• **EXERCISE MATERIALS**
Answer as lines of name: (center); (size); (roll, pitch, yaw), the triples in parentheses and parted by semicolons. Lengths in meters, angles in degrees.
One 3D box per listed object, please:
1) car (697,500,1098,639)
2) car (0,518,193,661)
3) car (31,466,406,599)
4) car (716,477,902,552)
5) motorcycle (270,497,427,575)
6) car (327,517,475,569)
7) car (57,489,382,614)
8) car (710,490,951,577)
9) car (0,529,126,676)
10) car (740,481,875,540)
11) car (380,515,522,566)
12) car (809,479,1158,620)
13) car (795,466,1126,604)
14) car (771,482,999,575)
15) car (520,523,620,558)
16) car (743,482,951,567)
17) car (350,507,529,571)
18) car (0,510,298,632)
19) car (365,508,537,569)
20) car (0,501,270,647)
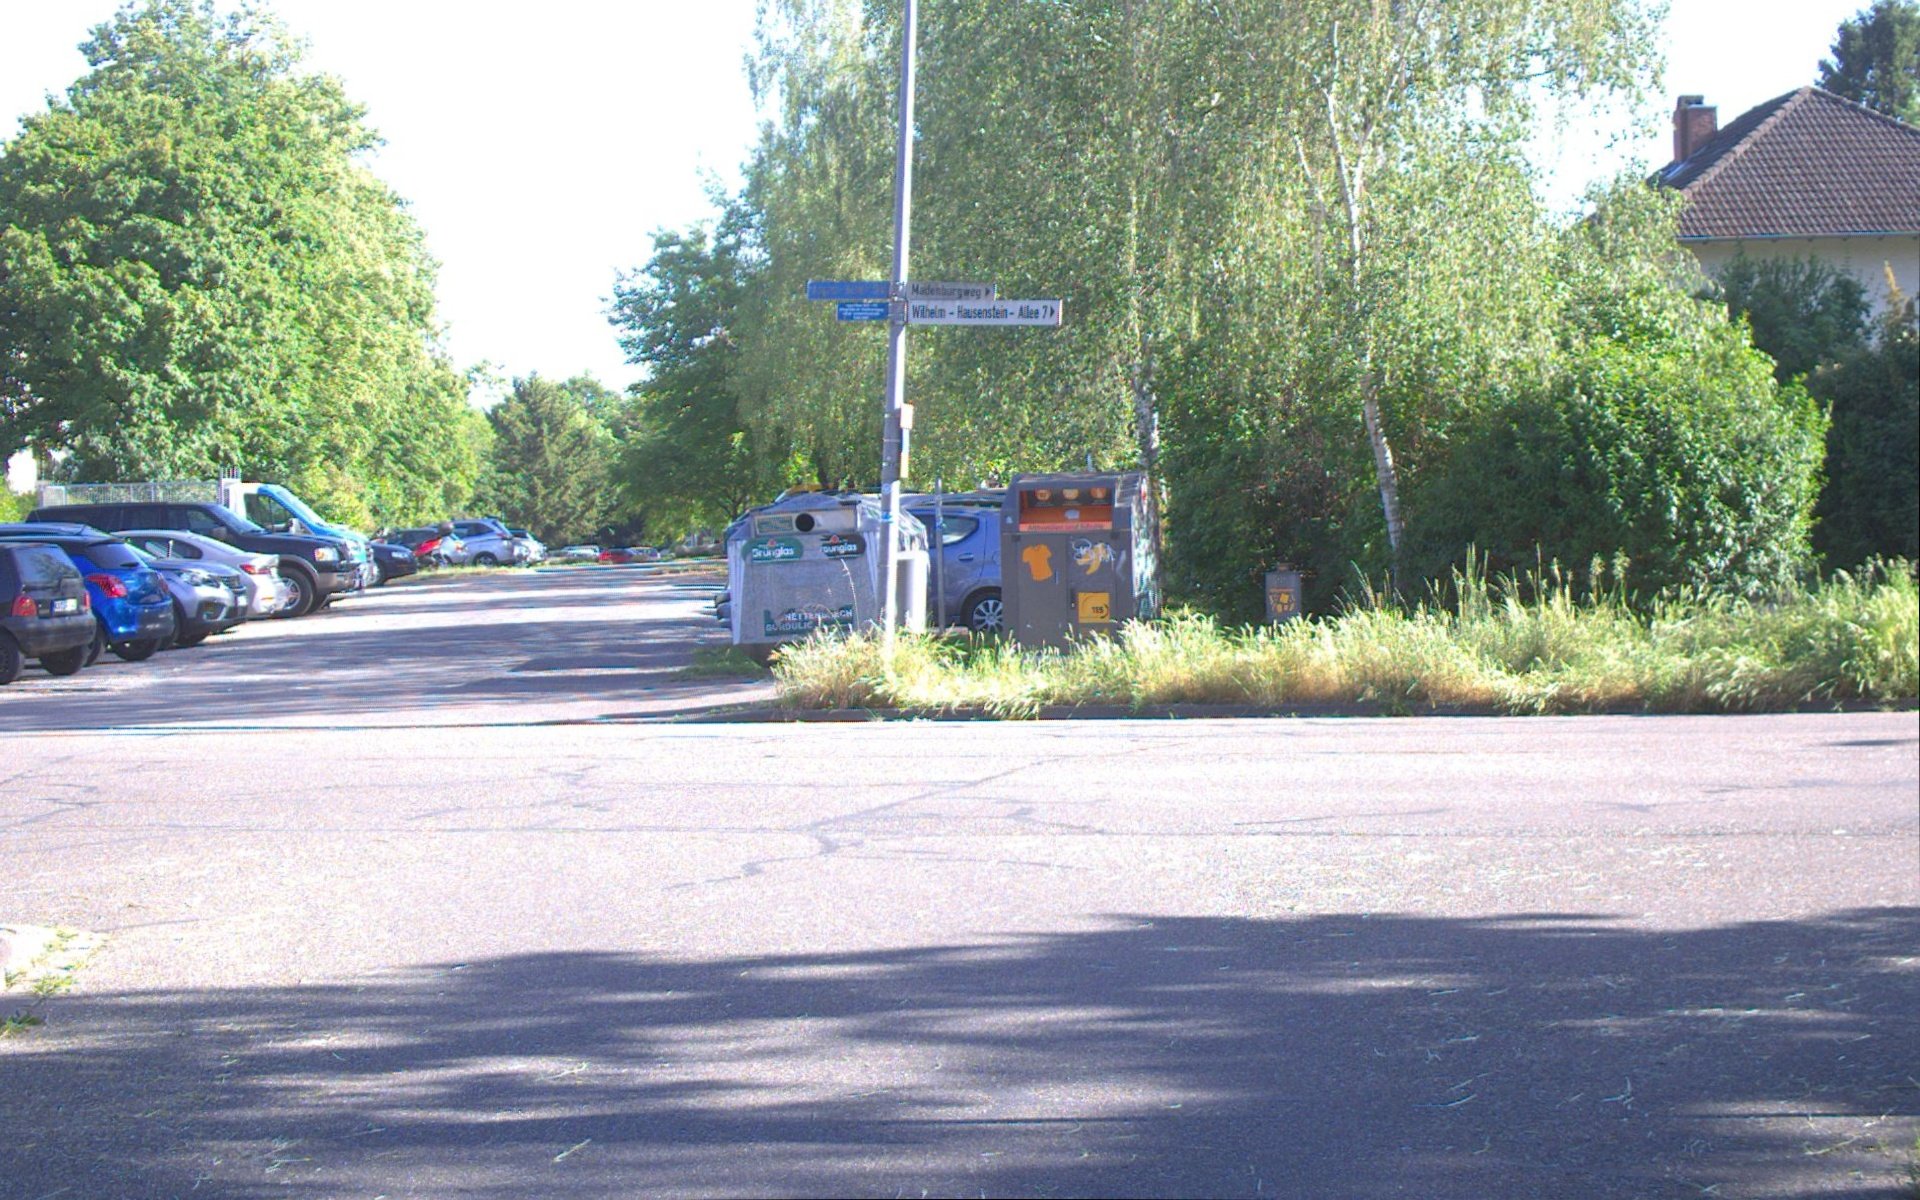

• **WORK ORDER**
Beginning at the line with "2) car (0,518,193,661)" and ending at the line with "18) car (0,510,298,632)", reproduce each line of the data above exactly, and add no other lines.

• **SOLUTION TO THIS EXERCISE**
2) car (0,518,193,661)
3) car (31,466,406,599)
4) car (716,477,902,552)
5) motorcycle (270,497,427,575)
6) car (327,517,475,569)
7) car (57,489,382,614)
8) car (710,490,951,577)
9) car (0,529,126,676)
10) car (740,481,875,540)
11) car (380,515,522,566)
12) car (809,479,1158,620)
13) car (795,466,1126,604)
14) car (771,482,999,575)
15) car (520,523,620,558)
16) car (743,482,951,567)
17) car (350,507,529,571)
18) car (0,510,298,632)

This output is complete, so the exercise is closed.